The use of at least 10 heavily armed and well-trained "fedayeen" bore the hallmarks of Pakistan-based militant groups such as Lashkar-e-Taiba.

Kasav, the militant reported to have been captured, confessed to being a member of Lashkar-e-Taiba, newspapers said, but the group has denied any role in the Mumbai attacks.

 

But Pakistan's Foreign Minister Shah Mehmood Qureshi struck a conciliatory note and promised full cooperation.

 

"Whoever has done this is neither your friend nor our friend," he told reporters in New Delhi. "We are not responsible for this, nor is it in our interest to get involved in something like this."

 

The attacks were carried out by at least ten young men armed with rifles and grenades, some of whom arrived by sea, who fanned out across Mumbai on Wednesday night to attack sites popular with tourists and business executives. Of these nine had been killed, Indian police said.

 

Authorities said 18 foreigners were among the dead.
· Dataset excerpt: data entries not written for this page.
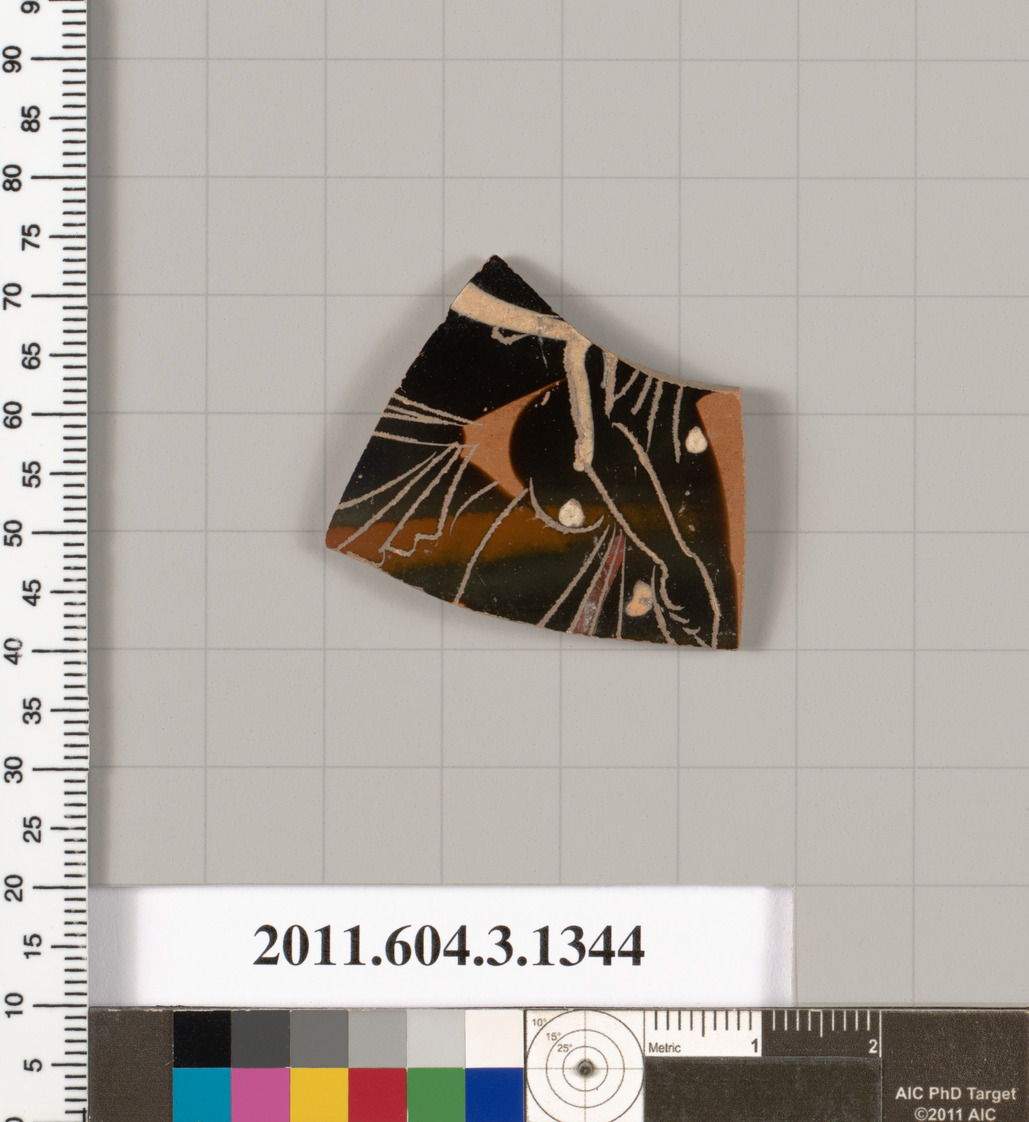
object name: skyphos fragment
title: Terracotta fragment of a skyphos (deep drinking cup)
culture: greek, attic
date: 500-468 BCE
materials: terracotta

Three Germans, five Americans, one Australian, a Briton, one Canadian, two French, an Italian, a Japanese, a Singaporean and a Thai, were among the dead, according to various governments.

 

Eight Israelis were killed in the attacks by Islamist militants that ravaged the Indian commercial capital Mumbai, a foreign ministry spokesman said on Saturday. Six were killed in Chabad House, a Jewish cultural centre that was stormed by Indian commandos on Friday, and the other two died in attacks elsewhere in the city.

 

Three Turkish citizens were also among the ones taken hostage in the hotels. Three of them were rescued and returned to Turkey.